The meaning of the word “Bless” is about holiness: to separate unto God. It is about a movement from things which are common, turning deliberately and distinctive towards God. It is what happens when we acknowledge Jesus as sovereign and become holy under God’s umbrella of righteousness. It is what God really wants to offer us. Indeed it is the best he can offer.
This helps to understand the other words in this blessing. God is, as it were, our protector and our defence. He wants us near Him. The word “keep”, that is used here, is about being drawn into God’s care where we will be safe. His promise is not only to protect us, but to take care of us. As God watches over us His face shines on us.

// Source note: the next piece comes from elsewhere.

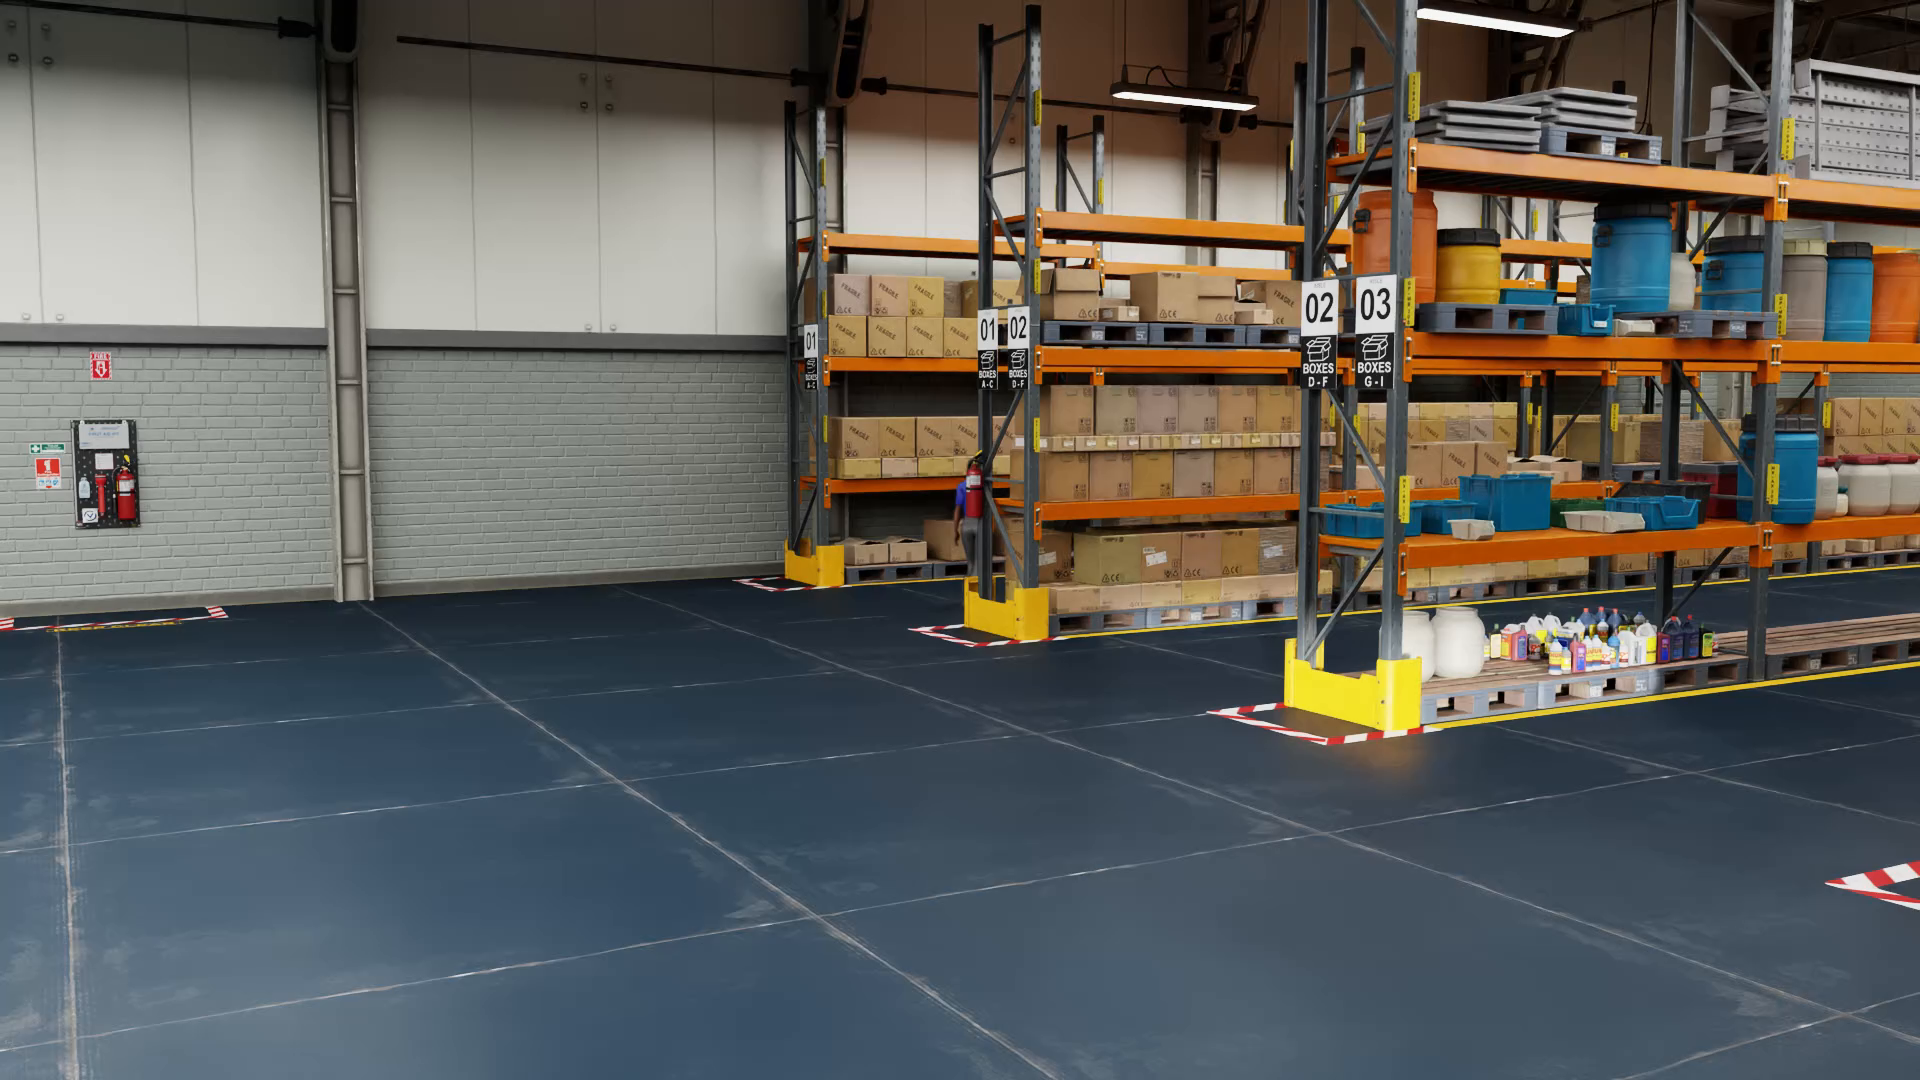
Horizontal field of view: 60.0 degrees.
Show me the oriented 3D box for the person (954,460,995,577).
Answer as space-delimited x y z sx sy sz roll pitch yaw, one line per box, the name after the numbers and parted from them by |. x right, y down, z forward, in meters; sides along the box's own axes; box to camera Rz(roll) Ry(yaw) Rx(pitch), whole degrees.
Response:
0.194 -0.103 18.613 0.457 1.641 0.712 1 5 16 | person

I don’t know where you are with your faith. Some of you will find yourself agreeing with these words. Others will struggle, unable to accept a universal, big, God being interested in me!
For me however, I find myself drawn to these words. They are comforting when everything around me is in flux. I want to bless my family, I want God’s protection on them, especially when I am unable to guarantee it myself. I don’t want special treatment or favour, but rather desire His blessing to be on all of us.
This idea of blessing resonates as I think about the approaching Christmas Season. It is this special time where we witness Jesus who comes to us as a child, His light which disrupts and destroys the darkness. It is, again, God’s special blessing on us. What could be more giving, more generous than to offer up a son for us and others?
May God’s blessing rest on you this Christmas.
Happy Christmas everyone.
Rev. Mark Bodeker
* For those who would like to listen to these verses set to music please listen to this; https://www.youtube.com/watch?v=Zp6aygmvzM4
A Prayer of Blessing;
May the blessing of light be on you – light without and light within.
May the blessed sunlight shine on you like a great peat fire,
so that stranger and friend may come and warm himself at it.
And may light shine out of the two eyes of you,
like a candle set in the window of a house,
bidding the wanderer come in out of the storm.
And may the blessing of the rain be on you,
may it beat upon your Spirit and wash it fair and clean,
and leave there a shining pool where the blue of Heaven shines,
and sometimes a star.
And may the blessing of the earth be on you,
soft under your feet as you pass along the roads,
soft under you as you lie out on it, tired at the end of day;
and may it rest easy over you when, at last, you lie out under it.
May it rest so lightly over you that your soul may be out from under it quickly; up and off and on its way to God.
And now may the Lord bless you, and bless you kindly. Amen.